O avanço na engenharia tecidual e biomedicina continua a abrir novas possibilidades para a pesquisa e desenvolvimento de soluções clínicas eficazes, com uma das inovações sendo a tecnologia de organ-on-chip/órgãos-em-chip (OoC).
Este sistema microfluídico integra microengenharia com biologia para simular aspectos essenciais da fisiologia humana, proporcionando uma ferramenta poderosa para estudos in vitro mais precisos e humanizados, com potencial para substituir/reduzir modelos animais.
O que são organ-on-Chip?
Organ-on-chip (OoC) são dispositivos que recriam em pequena escala (eg., micro) as condições fisiológicas humanas, combinando células e tecidos vivos dentro de microcanais que imitam/mimetizam o comportamento de órgãos inteiros.

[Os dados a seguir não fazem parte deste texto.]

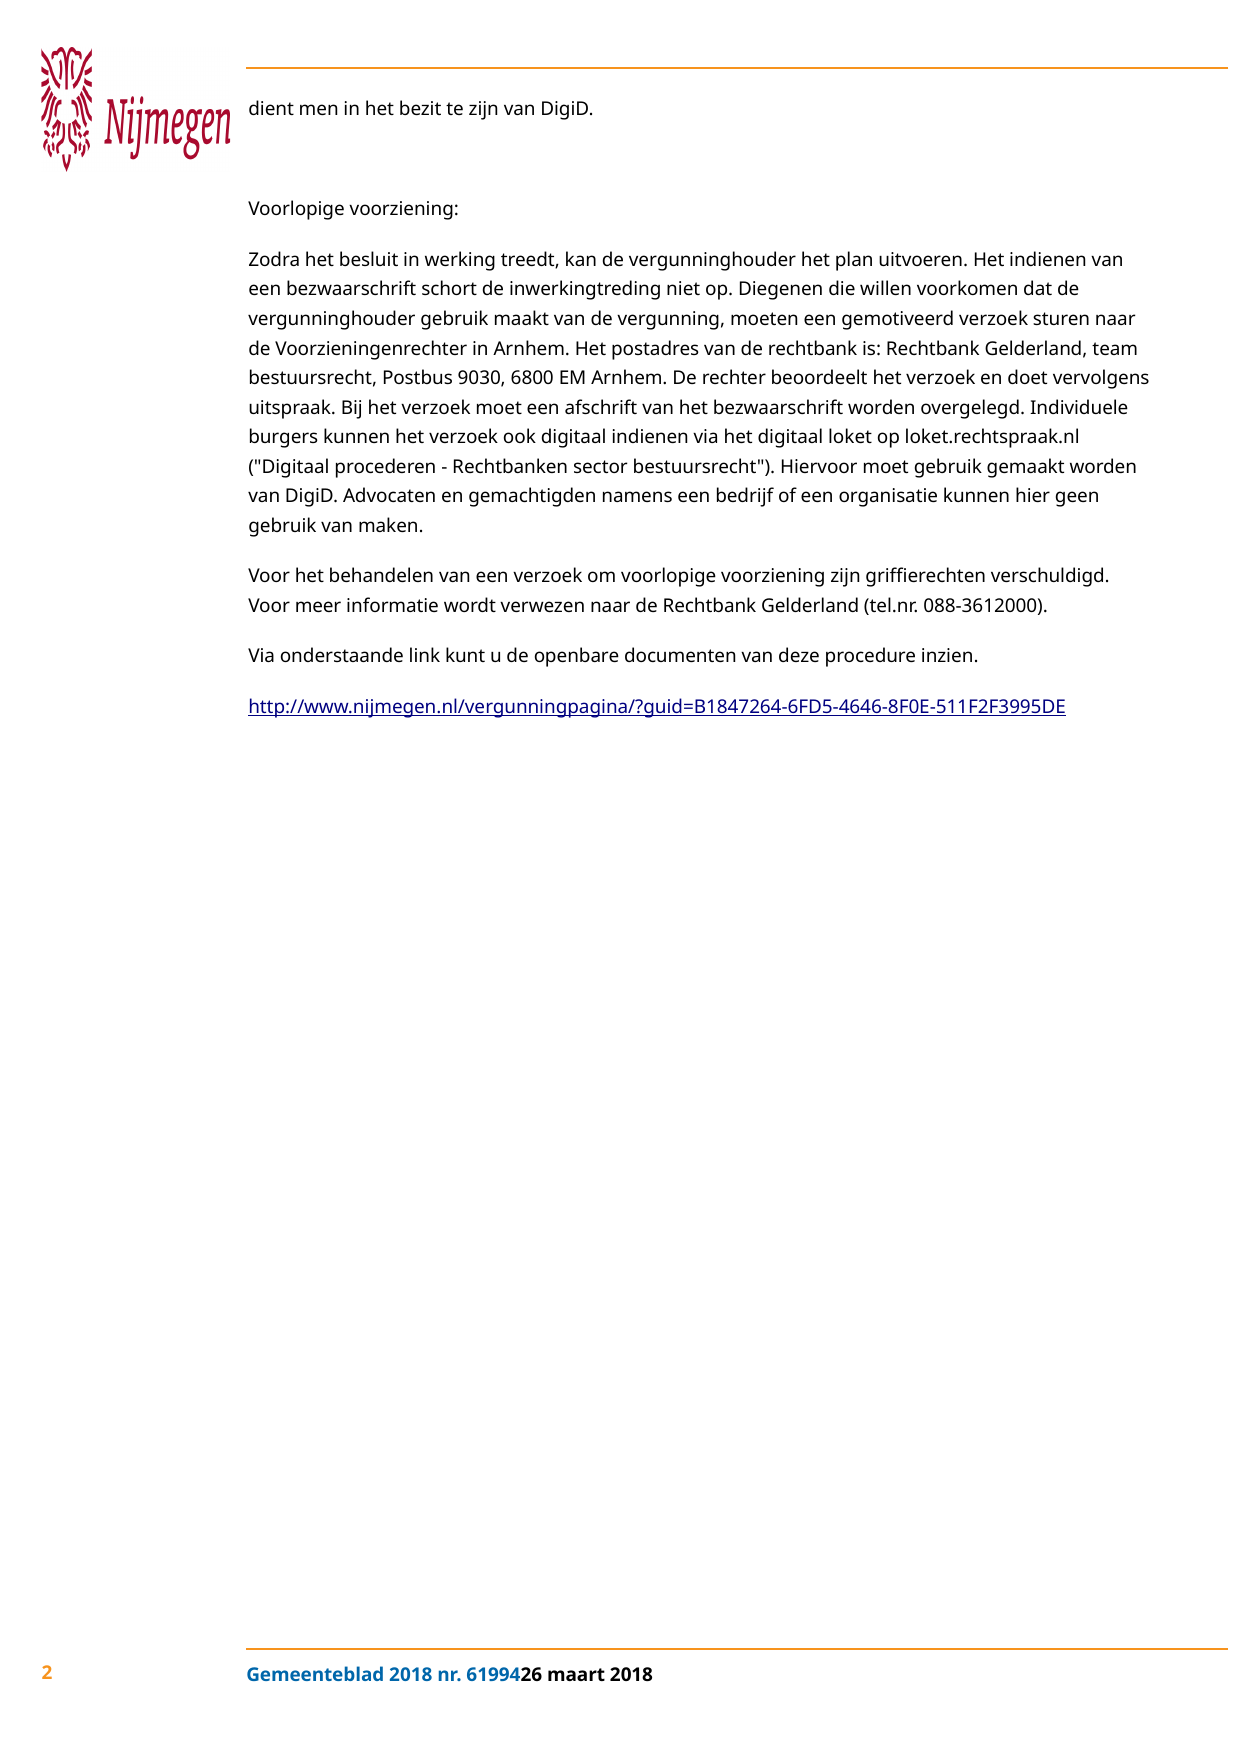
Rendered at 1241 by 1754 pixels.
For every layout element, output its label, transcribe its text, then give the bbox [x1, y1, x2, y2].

text Voor het behandelen van een verzoek om voorlopige voorziening zijn griffierechten verschuldigd. Voor meer informatie wordt verwezen naar de Rechtbank Gelderland (tel.nr. 088-3612000). [248, 563, 1152, 618]
text http://www.nijmegen.nl/vergunningpagina/?guid=B1847264-6FD5-4646-8F0E-511F2F3995DE [248, 693, 1152, 719]
picture [41, 47, 231, 172]
text dient men in het bezit te zijn van DigiD. [248, 95, 1152, 121]
text Via onderstaande link kunt u de openbare documenten van deze procedure inzien. [248, 643, 1152, 668]
text Voorlopige voorziening: [248, 196, 1152, 221]
text Zodra het besluit in werking treedt, kan de vergunninghouder het plan uitvoeren. Het indienen van een bezwaarschrift schort de inwerkingtreding niet op. Diegenen die willen voorkomen dat de vergunninghouder gebruik maakt van de vergunning, moeten een gemotiveerd verzoek sturen naar de Voorzieningenrechter in Arnhem. Het postadres van de rechtbank is: Rechtbank Gelderland, team bestuursrecht, Postbus 9030, 6800 EM Arnhem. De rechter beoordeelt het verzoek en doet vervolgens uitspraak. Bij het verzoek moet een afschrift van het bezwaarschrift worden overgelegd. Individuele burgers kunnen het verzoek ook digitaal indienen via het digitaal loket op loket.rechtspraak.nl ("Digitaal procederen - Rechtbanken sector bestuursrecht"). Hiervoor moet gebruik gemaakt worden van DigiD. Advocaten en gemachtigden namens een bedrijf of een organisatie kunnen hier geen gebruik van maken. [248, 246, 1152, 538]
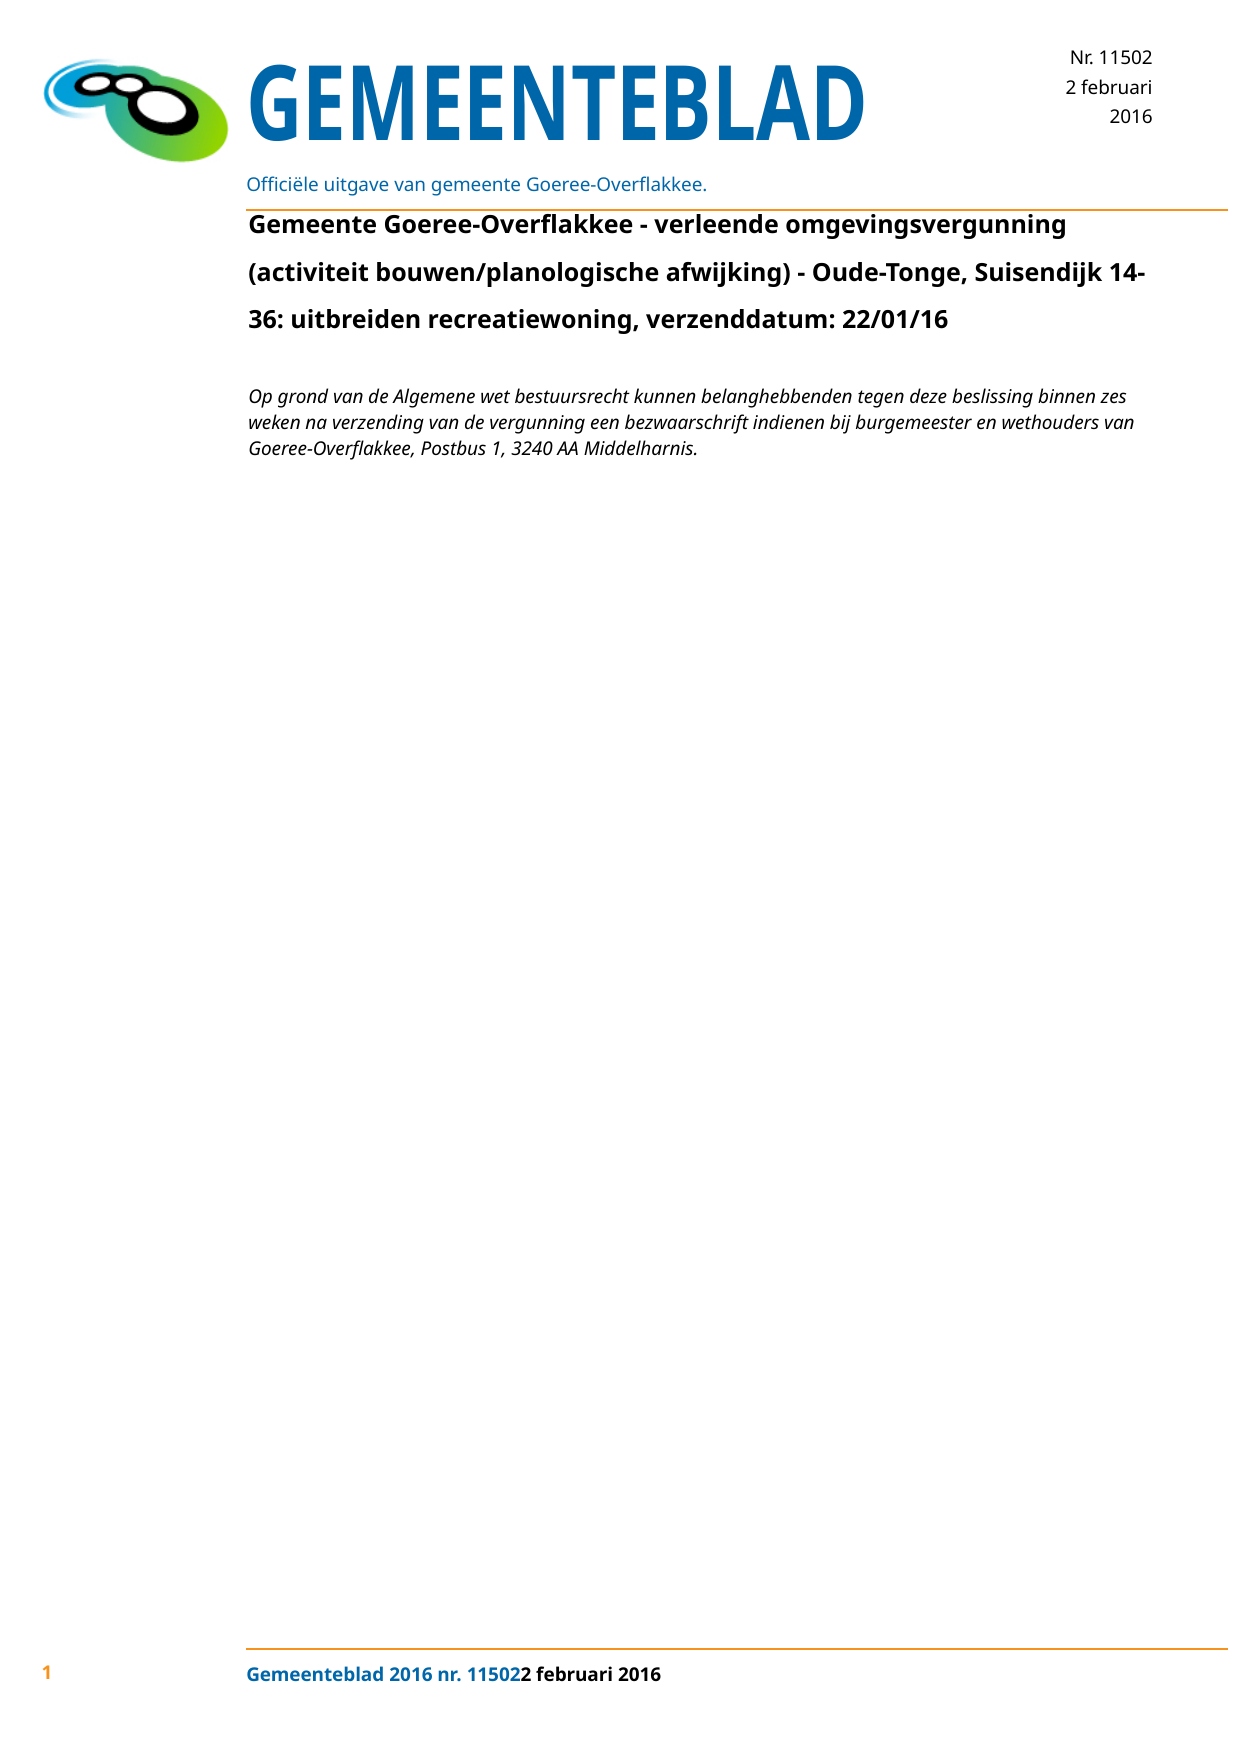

Eles permitem a manipulação precisa do microambiente celular, controlando variáveis como fluxo de fluidos, oxigenação e estímulos mecânicos. Esses sistemas podem recapitular funções específicas de órgãos, como a barreira intestinal ou a contratilidade cardíaca, e são especialmente úteis para estudar interações entre múltiplos órgãos por meio de sistemas "body-on-chip"
Essa tecnologia, já destacada como uma das principais inovações emergentes pelo Fórum Econômico Mundial, atraindo atenção tanto da academia, como também das indústrias farmacêutica, cosmética e química, que buscam alternativas éticas e eficazes para a experimentação animal.
Princípios fundamentais & Design
O desenvolvimento de um dispositivo OoC começa com a escolha do modelo de órgão e a definição de sua complexidade necessária. Sistemas de órgão único são altamente especializados, enquanto os sistemas multi-órgãos (i.e., body-on-chip) são projetados para simular interações metabólicas e farmacológicas em um contexto fisiológico mais holístico.
O design do chip é fundamental: Ele deve permitir a manutenção de microambientes complexos, equilibrando a necessidade de controle preciso e a miniaturização da complexidade do sistema.
Os materiais usados na fabricação de OoCs são selecionados com base em suas propriedades funcionais e biocompatibilidade. O PDMS (polidimetilsiloxano) é amplamente utilizado por ser transparente, flexível e capaz de replicar microestruturas complexas por meio de processos como litografia suave.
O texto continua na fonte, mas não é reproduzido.